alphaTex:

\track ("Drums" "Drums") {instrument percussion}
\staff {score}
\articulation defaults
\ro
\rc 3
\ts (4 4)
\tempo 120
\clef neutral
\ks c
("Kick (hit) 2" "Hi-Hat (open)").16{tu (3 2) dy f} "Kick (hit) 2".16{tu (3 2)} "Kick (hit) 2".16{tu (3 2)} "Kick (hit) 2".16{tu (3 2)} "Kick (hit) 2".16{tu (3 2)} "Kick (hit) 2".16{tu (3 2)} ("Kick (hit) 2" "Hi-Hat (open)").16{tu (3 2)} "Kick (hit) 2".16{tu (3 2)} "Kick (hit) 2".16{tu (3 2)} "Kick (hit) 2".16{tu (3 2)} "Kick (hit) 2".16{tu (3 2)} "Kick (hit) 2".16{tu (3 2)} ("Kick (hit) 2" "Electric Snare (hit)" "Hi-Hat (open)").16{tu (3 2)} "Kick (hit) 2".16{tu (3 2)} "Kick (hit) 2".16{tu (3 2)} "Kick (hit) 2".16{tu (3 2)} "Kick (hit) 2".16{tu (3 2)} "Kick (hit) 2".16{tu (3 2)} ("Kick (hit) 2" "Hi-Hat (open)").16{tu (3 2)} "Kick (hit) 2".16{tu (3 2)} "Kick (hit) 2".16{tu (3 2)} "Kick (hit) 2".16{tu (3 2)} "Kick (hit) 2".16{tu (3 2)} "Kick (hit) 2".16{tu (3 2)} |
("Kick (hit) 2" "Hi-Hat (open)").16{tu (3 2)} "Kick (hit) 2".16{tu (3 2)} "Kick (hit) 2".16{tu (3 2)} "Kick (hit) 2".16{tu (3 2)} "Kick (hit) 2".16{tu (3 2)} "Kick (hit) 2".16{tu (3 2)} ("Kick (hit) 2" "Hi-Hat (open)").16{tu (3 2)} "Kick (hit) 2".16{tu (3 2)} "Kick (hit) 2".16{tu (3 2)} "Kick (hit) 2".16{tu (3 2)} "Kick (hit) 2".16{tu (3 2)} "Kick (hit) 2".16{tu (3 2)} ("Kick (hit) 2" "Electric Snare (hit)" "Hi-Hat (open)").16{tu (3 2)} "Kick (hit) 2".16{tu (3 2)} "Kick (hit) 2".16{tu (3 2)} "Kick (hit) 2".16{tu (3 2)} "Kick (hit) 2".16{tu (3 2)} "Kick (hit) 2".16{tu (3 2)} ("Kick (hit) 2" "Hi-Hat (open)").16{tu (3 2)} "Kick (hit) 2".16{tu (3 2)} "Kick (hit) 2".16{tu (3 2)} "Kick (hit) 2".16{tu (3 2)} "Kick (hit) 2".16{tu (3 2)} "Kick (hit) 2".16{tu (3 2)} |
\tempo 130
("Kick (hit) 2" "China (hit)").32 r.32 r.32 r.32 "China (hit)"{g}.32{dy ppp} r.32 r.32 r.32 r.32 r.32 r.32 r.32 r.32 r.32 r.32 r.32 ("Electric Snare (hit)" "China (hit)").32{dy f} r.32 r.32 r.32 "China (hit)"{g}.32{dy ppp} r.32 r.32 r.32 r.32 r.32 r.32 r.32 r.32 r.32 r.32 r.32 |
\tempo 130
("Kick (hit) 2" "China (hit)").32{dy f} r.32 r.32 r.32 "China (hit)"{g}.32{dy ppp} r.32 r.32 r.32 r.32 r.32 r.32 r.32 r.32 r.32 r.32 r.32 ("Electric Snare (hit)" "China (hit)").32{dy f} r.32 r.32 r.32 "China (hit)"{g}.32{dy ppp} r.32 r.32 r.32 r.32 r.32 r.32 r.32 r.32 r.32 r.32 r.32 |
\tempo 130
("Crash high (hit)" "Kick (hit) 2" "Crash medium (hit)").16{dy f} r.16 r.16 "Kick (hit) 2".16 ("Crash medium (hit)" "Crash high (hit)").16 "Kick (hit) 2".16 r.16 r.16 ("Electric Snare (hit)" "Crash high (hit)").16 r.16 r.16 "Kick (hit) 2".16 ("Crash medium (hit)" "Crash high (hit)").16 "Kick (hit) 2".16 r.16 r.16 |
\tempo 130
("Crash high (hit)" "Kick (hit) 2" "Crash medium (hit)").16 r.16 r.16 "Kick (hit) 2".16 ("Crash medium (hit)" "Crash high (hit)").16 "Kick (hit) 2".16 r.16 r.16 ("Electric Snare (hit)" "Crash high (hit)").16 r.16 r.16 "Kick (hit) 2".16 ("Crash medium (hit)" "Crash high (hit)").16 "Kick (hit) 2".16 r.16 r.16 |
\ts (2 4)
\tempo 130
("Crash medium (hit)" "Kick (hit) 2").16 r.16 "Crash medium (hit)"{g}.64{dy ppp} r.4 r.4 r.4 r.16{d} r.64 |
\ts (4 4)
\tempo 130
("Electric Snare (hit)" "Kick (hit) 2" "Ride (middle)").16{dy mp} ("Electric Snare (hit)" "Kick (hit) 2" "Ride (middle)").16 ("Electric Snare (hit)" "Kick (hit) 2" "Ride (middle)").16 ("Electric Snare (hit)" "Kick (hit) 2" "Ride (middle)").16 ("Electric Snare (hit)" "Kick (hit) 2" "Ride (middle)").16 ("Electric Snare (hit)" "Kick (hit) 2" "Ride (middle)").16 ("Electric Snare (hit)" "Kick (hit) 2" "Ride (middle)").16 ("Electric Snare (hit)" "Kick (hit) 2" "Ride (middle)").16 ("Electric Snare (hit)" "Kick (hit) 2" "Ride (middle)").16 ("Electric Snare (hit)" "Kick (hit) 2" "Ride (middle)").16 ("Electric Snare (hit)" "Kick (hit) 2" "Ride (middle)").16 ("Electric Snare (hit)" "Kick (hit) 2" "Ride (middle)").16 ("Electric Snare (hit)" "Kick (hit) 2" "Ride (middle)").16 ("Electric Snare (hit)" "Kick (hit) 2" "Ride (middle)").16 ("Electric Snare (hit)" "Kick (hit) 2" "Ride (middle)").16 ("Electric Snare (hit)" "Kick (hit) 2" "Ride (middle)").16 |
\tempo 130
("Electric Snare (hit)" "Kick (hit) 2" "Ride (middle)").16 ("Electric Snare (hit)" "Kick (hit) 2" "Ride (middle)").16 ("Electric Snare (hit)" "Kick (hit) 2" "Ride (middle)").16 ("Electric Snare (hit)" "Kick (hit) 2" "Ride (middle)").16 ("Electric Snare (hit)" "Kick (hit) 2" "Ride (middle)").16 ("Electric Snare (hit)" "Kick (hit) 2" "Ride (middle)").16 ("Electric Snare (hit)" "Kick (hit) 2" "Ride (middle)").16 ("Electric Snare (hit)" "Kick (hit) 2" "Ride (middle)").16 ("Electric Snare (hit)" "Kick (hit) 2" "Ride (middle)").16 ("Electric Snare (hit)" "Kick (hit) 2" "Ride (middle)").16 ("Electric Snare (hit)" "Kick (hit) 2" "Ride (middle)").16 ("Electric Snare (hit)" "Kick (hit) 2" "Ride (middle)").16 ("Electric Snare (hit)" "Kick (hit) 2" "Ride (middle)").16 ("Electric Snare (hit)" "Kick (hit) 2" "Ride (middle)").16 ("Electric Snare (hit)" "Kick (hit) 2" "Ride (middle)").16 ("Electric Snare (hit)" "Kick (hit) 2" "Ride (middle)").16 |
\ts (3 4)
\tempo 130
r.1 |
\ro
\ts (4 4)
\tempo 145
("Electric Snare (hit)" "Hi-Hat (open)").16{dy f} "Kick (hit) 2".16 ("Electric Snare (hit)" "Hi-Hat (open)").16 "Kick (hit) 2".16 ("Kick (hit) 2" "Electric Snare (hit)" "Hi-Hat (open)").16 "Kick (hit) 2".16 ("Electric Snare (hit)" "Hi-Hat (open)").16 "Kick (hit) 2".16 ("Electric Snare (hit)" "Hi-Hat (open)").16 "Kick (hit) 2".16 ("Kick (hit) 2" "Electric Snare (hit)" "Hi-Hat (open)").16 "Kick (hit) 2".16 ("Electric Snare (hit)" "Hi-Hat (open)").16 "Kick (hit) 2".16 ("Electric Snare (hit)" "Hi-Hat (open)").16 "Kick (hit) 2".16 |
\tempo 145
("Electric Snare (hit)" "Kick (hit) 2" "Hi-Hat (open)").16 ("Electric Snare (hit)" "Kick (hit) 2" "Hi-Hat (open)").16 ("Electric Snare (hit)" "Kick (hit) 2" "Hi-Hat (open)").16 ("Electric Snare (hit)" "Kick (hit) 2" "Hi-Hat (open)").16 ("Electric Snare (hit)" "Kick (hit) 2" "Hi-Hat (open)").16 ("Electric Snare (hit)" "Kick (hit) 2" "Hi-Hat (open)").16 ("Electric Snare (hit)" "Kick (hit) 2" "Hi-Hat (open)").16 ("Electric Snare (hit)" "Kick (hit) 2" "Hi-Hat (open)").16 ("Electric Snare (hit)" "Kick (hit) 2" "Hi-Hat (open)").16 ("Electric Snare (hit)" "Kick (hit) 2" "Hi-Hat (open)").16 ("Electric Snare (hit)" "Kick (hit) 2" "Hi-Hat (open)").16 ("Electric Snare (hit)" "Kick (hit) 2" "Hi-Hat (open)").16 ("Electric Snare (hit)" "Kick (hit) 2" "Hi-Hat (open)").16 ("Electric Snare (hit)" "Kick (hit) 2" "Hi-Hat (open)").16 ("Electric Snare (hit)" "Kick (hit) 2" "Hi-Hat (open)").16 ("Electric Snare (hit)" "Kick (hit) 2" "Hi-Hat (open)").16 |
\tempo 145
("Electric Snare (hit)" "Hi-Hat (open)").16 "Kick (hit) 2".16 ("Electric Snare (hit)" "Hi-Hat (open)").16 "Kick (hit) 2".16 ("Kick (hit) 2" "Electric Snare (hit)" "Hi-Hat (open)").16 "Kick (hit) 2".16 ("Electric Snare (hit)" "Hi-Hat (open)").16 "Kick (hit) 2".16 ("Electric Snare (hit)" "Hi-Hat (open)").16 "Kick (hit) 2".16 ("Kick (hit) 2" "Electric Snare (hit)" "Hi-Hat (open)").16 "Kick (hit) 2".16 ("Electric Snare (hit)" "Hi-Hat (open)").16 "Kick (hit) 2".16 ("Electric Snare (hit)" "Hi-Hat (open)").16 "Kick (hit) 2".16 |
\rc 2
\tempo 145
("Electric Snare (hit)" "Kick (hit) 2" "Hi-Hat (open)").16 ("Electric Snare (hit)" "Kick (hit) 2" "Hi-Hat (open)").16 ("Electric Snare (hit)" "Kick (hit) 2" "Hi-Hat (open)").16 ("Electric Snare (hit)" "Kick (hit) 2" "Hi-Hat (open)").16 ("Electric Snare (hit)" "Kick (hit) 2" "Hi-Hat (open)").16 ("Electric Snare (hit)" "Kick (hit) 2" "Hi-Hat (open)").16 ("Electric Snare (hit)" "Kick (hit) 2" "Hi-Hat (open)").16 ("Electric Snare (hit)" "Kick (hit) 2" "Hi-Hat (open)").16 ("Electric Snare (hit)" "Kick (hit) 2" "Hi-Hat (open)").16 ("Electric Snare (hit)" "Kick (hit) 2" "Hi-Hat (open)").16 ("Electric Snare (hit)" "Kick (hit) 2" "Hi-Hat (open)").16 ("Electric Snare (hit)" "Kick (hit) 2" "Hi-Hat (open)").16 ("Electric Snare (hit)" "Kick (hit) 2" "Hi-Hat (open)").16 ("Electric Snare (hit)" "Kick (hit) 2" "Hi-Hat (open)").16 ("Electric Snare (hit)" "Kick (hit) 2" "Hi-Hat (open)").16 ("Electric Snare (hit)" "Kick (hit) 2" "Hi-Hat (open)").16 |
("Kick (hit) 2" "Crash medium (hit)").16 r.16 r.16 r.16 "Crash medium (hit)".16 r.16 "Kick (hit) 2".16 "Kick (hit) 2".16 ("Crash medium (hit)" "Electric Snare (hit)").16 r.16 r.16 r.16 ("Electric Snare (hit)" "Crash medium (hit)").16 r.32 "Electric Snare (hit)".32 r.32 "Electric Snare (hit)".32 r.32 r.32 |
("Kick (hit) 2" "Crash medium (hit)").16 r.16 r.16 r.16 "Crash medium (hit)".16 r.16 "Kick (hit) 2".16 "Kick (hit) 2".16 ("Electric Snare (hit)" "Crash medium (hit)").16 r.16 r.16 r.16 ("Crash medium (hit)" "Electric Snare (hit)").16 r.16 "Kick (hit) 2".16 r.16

* What to work on
Every line in the data above that contains "China" needs to be copied.

* Written solution
("Kick (hit) 2" "China (hit)").32 r.32 r.32 r.32 "China (hit)"{g}.32{dy ppp} r.32 r.32 r.32 r.32 r.32 r.32 r.32 r.32 r.32 r.32 r.32 ("Electric Snare (hit)" "China (hit)").32{dy f} r.32 r.32 r.32 "China (hit)"{g}.32{dy ppp} r.32 r.32 r.32 r.32 r.32 r.32 r.32 r.32 r.32 r.32 r.32 |
("Kick (hit) 2" "China (hit)").32{dy f} r.32 r.32 r.32 "China (hit)"{g}.32{dy ppp} r.32 r.32 r.32 r.32 r.32 r.32 r.32 r.32 r.32 r.32 r.32 ("Electric Snare (hit)" "China (hit)").32{dy f} r.32 r.32 r.32 "China (hit)"{g}.32{dy ppp} r.32 r.32 r.32 r.32 r.32 r.32 r.32 r.32 r.32 r.32 r.32 |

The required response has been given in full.